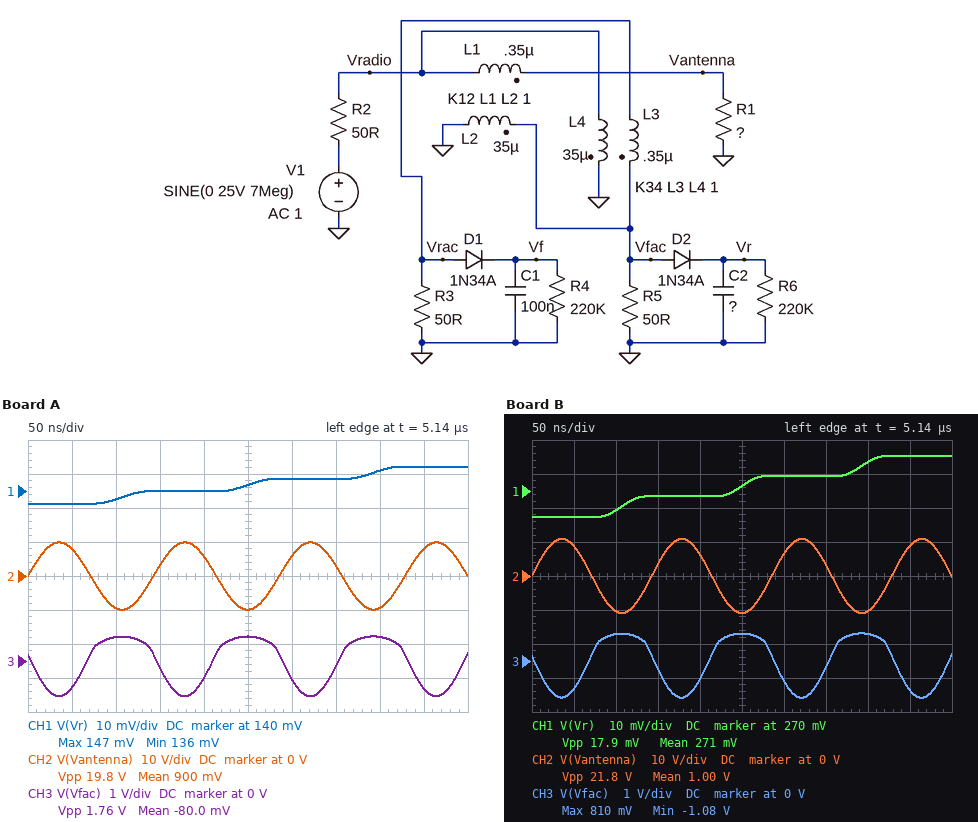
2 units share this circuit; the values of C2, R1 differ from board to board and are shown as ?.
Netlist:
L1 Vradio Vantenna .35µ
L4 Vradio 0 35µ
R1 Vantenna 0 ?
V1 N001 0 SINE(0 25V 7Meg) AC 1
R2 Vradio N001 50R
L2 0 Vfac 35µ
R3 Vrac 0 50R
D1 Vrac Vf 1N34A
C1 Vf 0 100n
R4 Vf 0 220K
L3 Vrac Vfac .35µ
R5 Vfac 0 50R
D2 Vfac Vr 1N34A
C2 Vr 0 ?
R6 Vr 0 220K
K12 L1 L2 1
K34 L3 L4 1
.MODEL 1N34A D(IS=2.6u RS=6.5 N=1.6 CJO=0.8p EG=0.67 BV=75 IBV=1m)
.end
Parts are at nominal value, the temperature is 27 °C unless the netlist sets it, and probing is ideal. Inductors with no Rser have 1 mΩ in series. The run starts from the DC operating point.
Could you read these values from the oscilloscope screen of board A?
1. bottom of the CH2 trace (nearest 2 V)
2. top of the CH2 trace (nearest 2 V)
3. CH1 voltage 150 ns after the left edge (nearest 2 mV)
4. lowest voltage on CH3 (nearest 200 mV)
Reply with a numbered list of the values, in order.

1. -10 V
2. 10 V
3. 140 mV
4. -1.0 V
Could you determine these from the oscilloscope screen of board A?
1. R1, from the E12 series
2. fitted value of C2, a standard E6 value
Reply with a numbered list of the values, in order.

1. 33 Ω
2. 330 nF
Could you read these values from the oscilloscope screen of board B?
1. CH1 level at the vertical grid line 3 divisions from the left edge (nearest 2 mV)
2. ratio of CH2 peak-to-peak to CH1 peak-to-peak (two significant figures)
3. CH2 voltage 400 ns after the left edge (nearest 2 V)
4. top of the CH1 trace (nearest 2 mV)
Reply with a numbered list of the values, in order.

1. 268 mV
2. 1200
3. -10 V
4. 280 mV
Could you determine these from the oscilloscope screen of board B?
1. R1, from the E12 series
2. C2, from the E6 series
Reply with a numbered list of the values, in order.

1. 39 Ω
2. 150 nF
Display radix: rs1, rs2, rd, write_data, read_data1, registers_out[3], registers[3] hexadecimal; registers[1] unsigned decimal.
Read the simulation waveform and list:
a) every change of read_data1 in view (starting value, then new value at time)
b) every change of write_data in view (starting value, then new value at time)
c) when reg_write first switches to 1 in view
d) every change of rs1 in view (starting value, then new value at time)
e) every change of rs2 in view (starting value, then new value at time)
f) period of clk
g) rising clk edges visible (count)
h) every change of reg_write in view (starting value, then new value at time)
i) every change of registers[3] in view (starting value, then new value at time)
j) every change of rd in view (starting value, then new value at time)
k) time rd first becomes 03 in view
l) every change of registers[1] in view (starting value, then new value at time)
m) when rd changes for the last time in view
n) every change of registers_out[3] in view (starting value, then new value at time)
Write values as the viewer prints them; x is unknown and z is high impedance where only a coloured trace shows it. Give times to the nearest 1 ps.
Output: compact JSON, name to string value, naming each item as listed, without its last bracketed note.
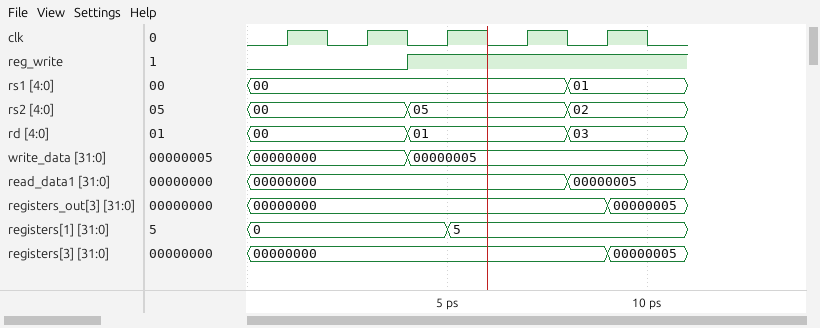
{"every change of read_data1 in view": "00000000, 00000005 at 8 ps", "every change of write_data in view": "00000000, 00000005 at 4 ps", "when reg_write first switches to 1 in view": "4 ps", "every change of rs1 in view": "00, 01 at 8 ps", "every change of rs2 in view": "00, 05 at 4 ps, 02 at 8 ps", "period of clk": "2 ps", "rising clk edges visible": "5", "every change of reg_write in view": "0, 1 at 4 ps", "every change of registers[3] in view": "00000000, 00000005 at 9 ps", "every change of rd in view": "00, 01 at 4 ps, 03 at 8 ps", "time rd first becomes 03 in view": "8 ps", "every change of registers[1] in view": "0, 5 at 5 ps", "when rd changes for the last time in view": "8 ps", "every change of registers_out[3] in view": "00000000, 00000005 at 9 ps"}
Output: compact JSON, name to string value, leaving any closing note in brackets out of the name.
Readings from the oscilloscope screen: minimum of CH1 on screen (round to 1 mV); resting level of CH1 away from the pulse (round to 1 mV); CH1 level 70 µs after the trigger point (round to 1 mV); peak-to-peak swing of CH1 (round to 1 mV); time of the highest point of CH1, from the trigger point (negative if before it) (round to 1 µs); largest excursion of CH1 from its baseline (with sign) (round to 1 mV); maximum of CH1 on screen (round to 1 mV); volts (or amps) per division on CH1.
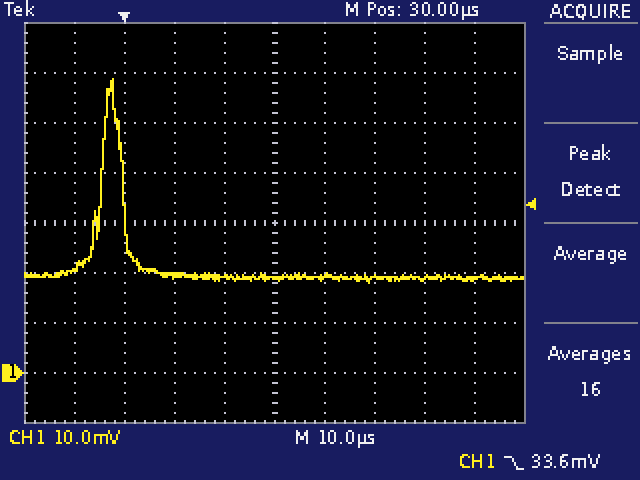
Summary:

========================

▶ **EXERCISE DESCRIPTION**
Please give all of the data again, exact and free of pictures.

▶ **REPLY**
2 units share this circuit; the values of C2, R1 differ from board to board and are shown as ?.
Netlist:
L1 Vradio Vantenna .35µ
L4 Vradio 0 35µ
R1 Vantenna 0 ?
V1 N001 0 SINE(0 25V 7Meg) AC 1
R2 Vradio N001 50R
L2 0 Vfac 35µ
R3 Vrac 0 50R
D1 Vrac Vf 1N34A
C1 Vf 0 100n
R4 Vf 0 220K
L3 Vrac Vfac .35µ
R5 Vfac 0 50R
D2 Vfac Vr 1N34A
C2 Vr 0 ?
R6 Vr 0 220K
K12 L1 L2 1
K34 L3 L4 1
.MODEL 1N34A D(IS=2.6u RS=6.5 N=1.6 CJO=0.8p EG=0.67 BV=75 IBV=1m)
.end
Parts are at nominal value, the temperature is 27 °C unless the netlist sets it, and probing is ideal. Inductors with no Rser have 1 mΩ in series. The run starts from the DC operating point.
Could you read these values from the oscilloscope screen of board A?
1. bottom of the CH2 trace (nearest 2 V)
2. top of the CH2 trace (nearest 2 V)
3. CH1 voltage 150 ns after the left edge (nearest 2 mV)
4. lowest voltage on CH3 (nearest 200 mV)
Reply with a numbered list of the values, in order.

1. -10 V
2. 10 V
3. 140 mV
4. -1.0 V
Could you determine these from the oscilloscope screen of board A?
1. R1, from the E12 series
2. fitted value of C2, a standard E6 value
Reply with a numbered list of the values, in order.

1. 33 Ω
2. 330 nF
Could you read these values from the oscilloscope screen of board B?
1. CH1 level at the vertical grid line 3 divisions from the left edge (nearest 2 mV)
2. ratio of CH2 peak-to-peak to CH1 peak-to-peak (two significant figures)
3. CH2 voltage 400 ns after the left edge (nearest 2 V)
4. top of the CH1 trace (nearest 2 mV)
Reply with a numbered list of the values, in order.

1. 268 mV
2. 1200
3. -10 V
4. 280 mV
Could you determine these from the oscilloscope screen of board B?
1. R1, from the E12 series
2. C2, from the E6 series
Reply with a numbered list of the values, in order.

1. 39 Ω
2. 150 nF
Display radix: rs1, rs2, rd, write_data, read_data1, registers_out[3], registers[3] hexadecimal; registers[1] unsigned decimal.
Read the simulation waveform and list:
a) every change of read_data1 in view (starting value, then new value at time)
b) every change of write_data in view (starting value, then new value at time)
c) when reg_write first switches to 1 in view
d) every change of rs1 in view (starting value, then new value at time)
e) every change of rs2 in view (starting value, then new value at time)
f) period of clk
g) rising clk edges visible (count)
h) every change of reg_write in view (starting value, then new value at time)
i) every change of registers[3] in view (starting value, then new value at time)
j) every change of rd in view (starting value, then new value at time)
k) time rd first becomes 03 in view
l) every change of registers[1] in view (starting value, then new value at time)
m) when rd changes for the last time in view
n) every change of registers_out[3] in view (starting value, then new value at time)
Write values as the viewer prints them; x is unknown and z is high impedance where only a coloured trace shows it. Give times to the nearest 1 ps.
Output: compact JSON, name to string value, naming each item as listed, without its last bracketed note.
{"every change of read_data1 in view": "00000000, 00000005 at 8 ps", "every change of write_data in view": "00000000, 00000005 at 4 ps", "when reg_write first switches to 1 in view": "4 ps", "every change of rs1 in view": "00, 01 at 8 ps", "every change of rs2 in view": "00, 05 at 4 ps, 02 at 8 ps", "period of clk": "2 ps", "rising clk edges visible": "5", "every change of reg_write in view": "0, 1 at 4 ps", "every change of registers[3] in view": "00000000, 00000005 at 9 ps", "every change of rd in view": "00, 01 at 4 ps, 03 at 8 ps", "time rd first becomes 03 in view": "8 ps", "every change of registers[1] in view": "0, 5 at 5 ps", "when rd changes for the last time in view": "8 ps", "every change of registers_out[3] in view": "00000000, 00000005 at 9 ps"}
Output: compact JSON, name to string value, leaving any closing note in brackets out of the name.
Readings from the oscilloscope screen: minimum of CH1 on screen (round to 1 mV); resting level of CH1 away from the pulse (round to 1 mV); CH1 level 70 µs after the trigger point (round to 1 mV); peak-to-peak swing of CH1 (round to 1 mV); time of the highest point of CH1, from the trigger point (negative if before it) (round to 1 µs); largest excursion of CH1 from its baseline (with sign) (round to 1 mV); maximum of CH1 on screen (round to 1 mV); volts (or amps) per division on CH1.
Summary:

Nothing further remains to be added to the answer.